In the system Afridi’s team has designed, two insulated metal plates on the ground, connected to a power line through a matching network and a high-frequency inverter, create oscillating electric fields that attract and repel charges in a pair of matching metal plates attached to the underside of a vehicle. This drives a high-frequency current through a circuit on the vehicle, which rectifies it. The rectified current then charges the battery.
One enormous advantage of electric fields is they have a more linear, directed nature compared with the looping arcs of magnetic fields. Hence, they do not require flux-guiding materials, such as ferrite, and can operate at much higher frequencies. The main challenge is that electric fields generated by readily available voltages are quite weak. Afridi’s team compensates by boosting the voltage and operating the system at very high frequencies to achieve large levels of power transfer.
“The latest magnetic field systems developed for electric vehicle charging operate at 85 kilohertz. The electric field system that we are developing in our lab works at 13.56 megahertz. So it’s running almost 200 times faster, which partly compensates for the five orders of magnitude deficit it needs to overcome,” Afridi said. “It also turns out that you can deal with a much higher voltage more easily than a higher current, which helps further bridge the difference in power transfer capability.”
The team’s ferrite-free system promises to be smaller, lighter, less expensive and easier to embed in the roadway. However, the system is not easy to develop.
In order to overcome a number of technological hurdles, Afridi’s team – including fellow Brandon Regensburger, M.S. ’19, Ph.D. ’20, postdoctoral researcher Sreyam Sinha, Ph.D. ’20, and doctoral student Sounak Maji – partnered with several collaborators at Cornell. Francisco Monticone, assistant professor of electrical and computer engineering, helped the team develop charging plates based on engineered metamaterials to better focus their electric fields. Debdeep Jena and Huili Grace Xing, both professors in electrical and computer engineering and in materials science and engineering, are also collaborating to develop wide bandgap materials and devices that can handle the high voltage and operate at high frequencies.
The team’s most notable innovation is the active variable reactance (AVR) rectifier, which allows a vehicle to get full power when passing over the charging plates even if the pairs of plates – which would be laid out roughly every few meters on the road – are not completely aligned. The AVR also helps deliver power to larger vehicles that have increased clearance between their undercarriages and the ground.
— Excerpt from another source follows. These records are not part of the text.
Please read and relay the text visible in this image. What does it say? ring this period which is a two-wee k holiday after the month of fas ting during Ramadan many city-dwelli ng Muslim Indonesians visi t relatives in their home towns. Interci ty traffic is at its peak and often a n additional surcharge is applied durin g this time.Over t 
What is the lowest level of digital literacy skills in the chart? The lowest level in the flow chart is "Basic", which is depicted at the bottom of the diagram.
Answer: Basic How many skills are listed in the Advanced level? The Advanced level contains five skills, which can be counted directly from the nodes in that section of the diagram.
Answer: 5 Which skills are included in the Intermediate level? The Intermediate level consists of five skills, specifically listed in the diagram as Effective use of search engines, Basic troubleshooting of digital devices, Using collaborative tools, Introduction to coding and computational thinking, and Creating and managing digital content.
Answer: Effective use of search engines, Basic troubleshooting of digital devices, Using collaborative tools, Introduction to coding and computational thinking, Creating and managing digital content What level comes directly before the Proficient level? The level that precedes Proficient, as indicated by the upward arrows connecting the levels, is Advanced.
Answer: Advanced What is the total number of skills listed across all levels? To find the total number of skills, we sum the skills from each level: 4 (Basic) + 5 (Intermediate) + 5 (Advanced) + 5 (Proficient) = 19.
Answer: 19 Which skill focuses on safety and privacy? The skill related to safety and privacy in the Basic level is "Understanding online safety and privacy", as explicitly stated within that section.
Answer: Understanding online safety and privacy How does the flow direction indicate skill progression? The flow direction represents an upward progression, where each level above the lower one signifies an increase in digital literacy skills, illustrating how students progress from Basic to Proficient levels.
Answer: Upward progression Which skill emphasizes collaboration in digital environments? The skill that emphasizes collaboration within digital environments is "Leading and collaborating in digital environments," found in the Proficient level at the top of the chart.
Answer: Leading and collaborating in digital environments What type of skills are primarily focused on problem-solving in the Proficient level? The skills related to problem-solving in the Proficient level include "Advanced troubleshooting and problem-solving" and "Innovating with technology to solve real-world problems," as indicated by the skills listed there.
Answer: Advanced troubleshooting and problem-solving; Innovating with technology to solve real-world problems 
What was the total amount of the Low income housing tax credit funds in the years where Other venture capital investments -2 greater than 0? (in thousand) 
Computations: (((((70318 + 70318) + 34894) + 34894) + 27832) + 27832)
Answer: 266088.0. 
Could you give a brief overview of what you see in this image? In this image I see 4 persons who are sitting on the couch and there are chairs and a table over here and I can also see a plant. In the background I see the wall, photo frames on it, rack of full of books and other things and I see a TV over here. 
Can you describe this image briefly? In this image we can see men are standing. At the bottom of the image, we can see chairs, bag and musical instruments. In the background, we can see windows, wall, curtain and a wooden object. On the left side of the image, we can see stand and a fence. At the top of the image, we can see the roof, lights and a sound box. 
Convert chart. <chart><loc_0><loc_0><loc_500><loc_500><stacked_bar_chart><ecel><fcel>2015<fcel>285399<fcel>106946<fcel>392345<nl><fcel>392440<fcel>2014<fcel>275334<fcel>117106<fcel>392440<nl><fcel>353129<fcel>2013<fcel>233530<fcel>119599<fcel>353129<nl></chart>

If it’s tough to create a wireless charging system, it’ll be just as tough to implement it on a mass scale.
One approach, Afridi believes, would be to electrify high-traffic roadways first, especially to support large, long-haul trucks. Another option would be to focus on cities, installing charging strips at stop signs and traffic lights, so drivers could recharge while they wait.
The technology could also be employed in manufacturing warehouses and fulfillment centers so autonomous robots could work around the clock. Afridi is currently working with Toyota Material Handling North America to develop in-motion charging for forklifts and material-handling mobile robots. He is also part of a National Science Foundation-funded international research center that advances sustainable, electrified transportation.
“Wireless charging may sound crazy in the beginning,” he said. “But if we really had that technology, it would make a lot of sense.”